Een grote groep samenhangende realisaties die Breed
ingang vindt, noemen we ook wel wereldbeeld of paradigma. Vroeger (het is hier
maar even een voorbeeld) heerste alom de realisatie dat de wereld plat was;
tegenwoordig realiseren we ons dat ànders – en naar we oprecht menen ook
‘stukken’ beter: het huidige wereldbeeld levert ons immers een zoveel
grotere/rijkere oplossingsruimte t.b.v. een zoveel meer omvattend
gedragsrepertoire.
Stoelend op zo’n breed/breder gedragen
(wereld)beeld realiseren mensen-in-allerhande-verbanden zich ook weer coherente
doe- en denkpatronen. Enzovoort, enzovoort – tot aan de allerindividueelste
realisaties aan toe. Zo werkt dat blijkbaar bij
individuele-mensen-in-allerhande-verbanden.

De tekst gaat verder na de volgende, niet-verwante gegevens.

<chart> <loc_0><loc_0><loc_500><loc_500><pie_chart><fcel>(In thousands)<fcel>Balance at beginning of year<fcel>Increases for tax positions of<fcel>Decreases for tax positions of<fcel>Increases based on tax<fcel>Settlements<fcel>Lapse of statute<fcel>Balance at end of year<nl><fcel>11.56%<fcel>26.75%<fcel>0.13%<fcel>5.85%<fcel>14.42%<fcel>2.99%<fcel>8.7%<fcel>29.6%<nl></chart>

Waar het nu op aan komt is dat we oog hebben en
houden voor “blindheid” en niet dom blijven doorzoeken in een bepaalde
oplossingsruimte. We moeten ons regelmatig afvragen in welke mate de vigerende
oplossingruimte is uitgeput en of we er niet goed/beter aan doen eens een Nieuw
verdwijnpunt te overwegen (zie evt. #11 hierboven). Want zo af en toe is het
‘gewoon’ on-ge-loof-lijk Krachtig om een ‘versleten’ set realisaties
(“eigengereide waarheden”) te verruilen voor een andere en ruimere set: van
rups naar vlinder! Anders – inderdaad: “creëren we in feite onze eigen glazen
plafonds.”
Zo Krachtig als het is… zo Moeilijk is het ook,
want het verruilen van de ene set voor een andere en ruimere… vereist…
Loslaten! Loslaten van de oude set waarbij er alle vertrouwen moet zijn dat die
oude set na de ‘omruilactie’ weer in Nieuwe setting(en) kan worden opgepakt.

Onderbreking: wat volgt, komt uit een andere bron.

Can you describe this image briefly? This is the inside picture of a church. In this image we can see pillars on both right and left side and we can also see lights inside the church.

Oei. Probleem! Loslaten? Vertrouwen? Moeilijk – ja, erg Moeilijk zelfs. Een
dergelijke actie heet (daarom) ook wel een paradigmaswissel. En zo’n
wissel/sprong is, zoals we weten, door en door… irrationeel. Mee eens, dat zag
Cruijff al haarscherp, want, inderdaad, “je gaat het pas zien als je het
doorhebt”. Eerst springen… dan zien! Zoals rups ‘gewoon’ cocon-iseert… en
onontkoombaar vlinder wordt.
Naar mijn idee komen we vanwege die Moeite
‘logisch’, op de proppen met een zgn. tussenweg. Een tussenweg waarbij we de
ene set realisaties (rups) ‘stiekum’ niet loslaten en toch menen de Nieuwe set
realisaties (vlinder) te kunnen aanpakken. Zo begrijp ik jou als je zegt dat
het “[m]isschien […] daarom juist wel de kunst [is] om [te proberen om]
deterministische en niet-deterministische kampen […] te verbinden.” Ik twijfel
geen seconde aan je oprechte bedoelingen! Maar… kàn het ook: verbinden – zonder
cocon? Mijn idee? Nee, onmogelijk!
Wel is het naar mijn idee Alleszins alle moeite
waard om, zoals je ook aangeeft “dwars door alle door architecten graag
[ge]bezigde termen als abstractie, gelaagdheid, domeinen, definities, termen,
systemen, grenzen, principes, dogma's, regels etc. heen [te kijken]”. Waarom?
Omdat dàt zoveel weg heeft van… Loslaten!
13. Als ik jou nu goed
begrijp, baseer jij principes op bestaande/actuele situaties – waarbij voor jou
vooral telt “hoe de dingen werken”. Dergelijke principes vormen jouw a priori
basis en spannen ook de oplossingsruimte [1] op waarbinnen een nieuw “bouwwerk”
zich heeft te ontvouwen.
Mijn indruk daarbij is dat je
geen wezenlijk onderscheid maakt tussen marginale veranderingen (veranderingen
die binnen heersende oplossingsruimte zinvol vorm kunnen krijgen) en
kwalitative veranderingen (veranderingen die een Echt Nieuwe oplossingsruimte vereisen
en derhalve alleen buiten de heersende oplossingeruimte zinvol vorm kunnen
krijgen). Mijn indruk is dat jij uitgaat van één oplossingsruimte waarin
‘alles’ (uiteindelijk) wel een plekje krijgt. Zou jij op het idee komen een
automobiel als “bouwwerk” op te richten daar waar de bestaande/actuele
situaties slechts vragen om snellere paarden? [2] Zou jij vanuit een rups een
vlinder kunnen – hoe zeg je dat… ‘architectureren’? [3]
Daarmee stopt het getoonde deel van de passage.